The incident, and the conflicting explanations, have drawn close parallels to the events that preceded the death of a Kurdish woman, Mahsa Amini, who had been arrested for not complying with hijab rules.

Authorities insisted Amini had a neurological disorder that led her to collapse inside a police station. Her family never accepted the explanation for her subsequent death in a coma, and said they had been denied the right to choose the doctor to conduct a postmortem examination.

Since then, Iranian authorities have been trying to re-enforce the compulsory hijab for women, including passing new legislation, but in parts of some cities the requirement is being ignored. Security officers often patrol at train stations in Tehran.

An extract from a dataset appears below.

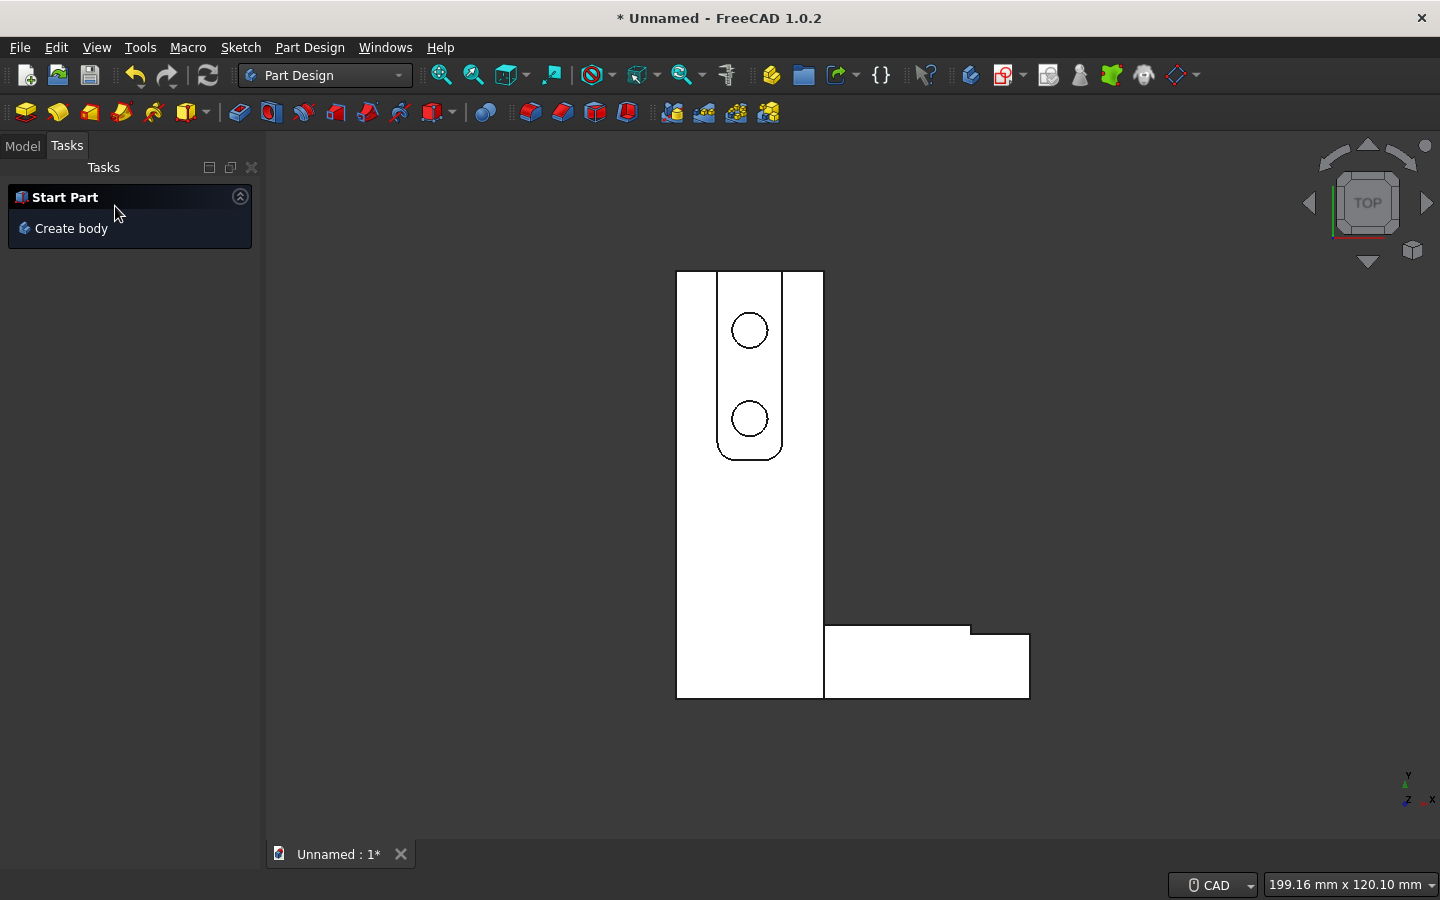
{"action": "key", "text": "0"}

Since Amini’s death the level of state censorship has risen and two of the journalists that reported on Amini’s fate remain in jail, accused of colluding with external powers. Some reformist newspapers have been closed.

On social media it has been claimed that history is repeating itself and that Iranian officials are involved in a fabricated story, similar to the alleged cover-up after Amini’s death. At minimum, the episode underlines the distrust of government officials and state-affiliated media.

The lawyer for Amini, Saleh Nikbakht, is in court facing charges for propaganda against the regime, including for challenging the official forensic accounts of Amini’s death, and for speaking to local and foreign media about Iran.